51:32 - 51:39: And this is a very simple expression experiment with these medical cultures that, you know, many labs in the world use.
51:39 - 51:49: And if you grow the neurons and you check the levels over the course of development, you see that FEZ1 expression progressively increases as the neurons mature.
51:49 - 51:59: And this tells us that, you know, that's developmentally regulated expression of the protein, which supports our hypothesis.
51:59 - 52:07: And what we decided to do later is to start to knock down FEZ1 expression in these cultures.
52:07 - 52:14: And you can see from the data presented here that once neurons are depleted of FEZ1 function.
52:14 - 52:26: You can see that the effect on axon length, be it total or be on the longest axon branch itself is to inhibit its growth.
52:26 - 52:30: And also, if you look at the number of branch points,
52:30 - 52:39: FEZ1 knockout neurons exhibit a significantly lower number of branch points as compared to control or wild type uninfected neurons themselves.
52:39 - 52:48: So the effect on neuronal growth is not limited to axons. If you look at dendrites as well, you can also see that when you conduct a Sholl analysis.
52:48 - 53:03: FEZ1 knockout neurons have significant and dramatic developmental impairment, and if you see this Sholl analysis or area under the graph, you can see that the impairment in FEZ1 knockout neurons is quite significant.

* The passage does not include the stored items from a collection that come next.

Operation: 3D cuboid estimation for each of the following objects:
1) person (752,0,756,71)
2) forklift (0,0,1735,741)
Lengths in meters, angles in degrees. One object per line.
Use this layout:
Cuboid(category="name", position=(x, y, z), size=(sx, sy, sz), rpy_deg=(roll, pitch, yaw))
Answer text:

53:03 - 53:13: So, I mentioned that we did a large screen for protein-protein interactions, and actually one of the screens revealed something very interesting.
53:13 - 53:29: And that's the interaction between FEZ1 itself with CRMP-1. And some of you might know of this as an effector in the Semaphorin 3A guidance cue signaling pathway; I’ll come to this a little bit more later.

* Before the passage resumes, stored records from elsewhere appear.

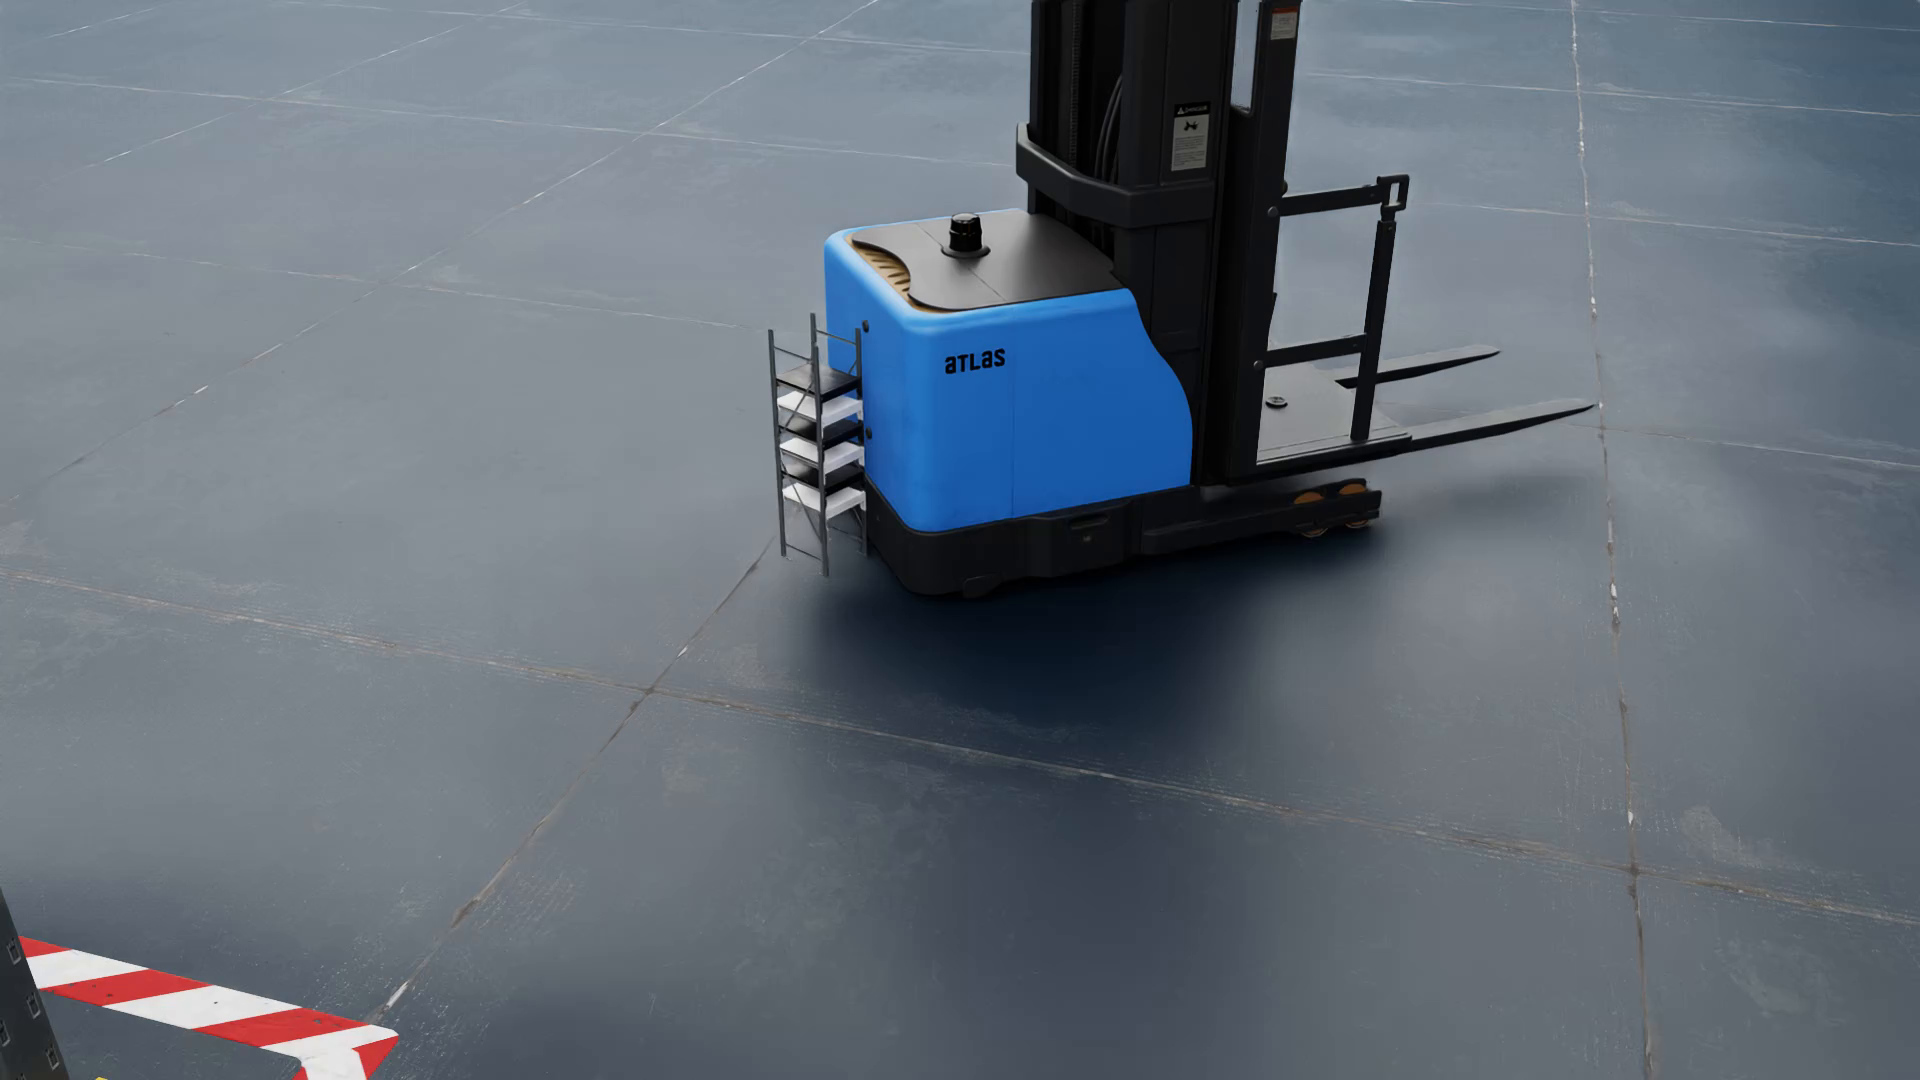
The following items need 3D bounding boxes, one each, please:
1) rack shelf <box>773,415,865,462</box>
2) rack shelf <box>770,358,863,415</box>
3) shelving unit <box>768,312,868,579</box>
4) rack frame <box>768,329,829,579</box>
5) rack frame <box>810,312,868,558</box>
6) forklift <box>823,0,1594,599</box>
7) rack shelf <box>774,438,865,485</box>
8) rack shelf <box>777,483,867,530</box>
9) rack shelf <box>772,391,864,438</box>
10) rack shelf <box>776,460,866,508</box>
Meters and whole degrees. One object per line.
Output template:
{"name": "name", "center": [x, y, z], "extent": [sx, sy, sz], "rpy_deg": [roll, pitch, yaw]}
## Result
{"name": "rack shelf", "center": [-0.500, -0.380, 5.891], "extent": [0.258, 0.077, 0.200], "rpy_deg": [23, 36, 35]}
{"name": "rack shelf", "center": [-0.500, -0.537, 5.803], "extent": [0.258, 0.077, 0.200], "rpy_deg": [23, 36, 35]}
{"name": "shelving unit", "center": [-0.500, -0.330, 5.918], "extent": [0.258, 0.900, 0.210], "rpy_deg": [23, 36, 35]}
{"name": "rack frame", "center": [-0.567, -0.293, 5.851], "extent": [0.240, 0.900, 0.006], "rpy_deg": [23, 36, 35]}
{"name": "rack frame", "center": [-0.433, -0.368, 5.985], "extent": [0.240, 0.900, 0.006], "rpy_deg": [23, 36, 35]}
{"name": "forklift", "center": [1.058, -1.518, 5.964], "extent": [3.031, 2.935, 1.130], "rpy_deg": [-11, 31, -19]}
{"name": "rack shelf", "center": [-0.500, -0.301, 5.934], "extent": [0.258, 0.077, 0.200], "rpy_deg": [23, 36, 35]}
{"name": "rack shelf", "center": [-0.500, -0.144, 6.022], "extent": [0.258, 0.077, 0.200], "rpy_deg": [23, 36, 35]}
{"name": "rack shelf", "center": [-0.500, -0.459, 5.847], "extent": [0.258, 0.077, 0.200], "rpy_deg": [23, 36, 35]}
{"name": "rack shelf", "center": [-0.500, -0.223, 5.978], "extent": [0.258, 0.077, 0.200], "rpy_deg": [23, 36, 35]}

53:29 - 53:35: So, biochemically, we validated the screening interactions, so this was done by a two-hybrid approach.
53:35 - 53:47: We verified it by co-immunoprecipitation assays, and you can see from here, FEZ1 and CRMP-1 can interact with each other in mammalian cells.
53:47 - 53:59: And we managed to map down the interaction region on FEZ1 as the core domain, which is involved in many other interactions as well.
53:59 - 54:09: We further validated this by doing reciprocal immunoprecipitation, and we were also able to show that if you pull out CRMP-1, rather than FEZ1,
54:09 - 54:13: the two proteins can also interact.
54:14 - 54:29: And very interestingly, we still don't fully understand, but the microtubule binding domain itself is important for interaction of FEZ1 and CRMP-1 itself.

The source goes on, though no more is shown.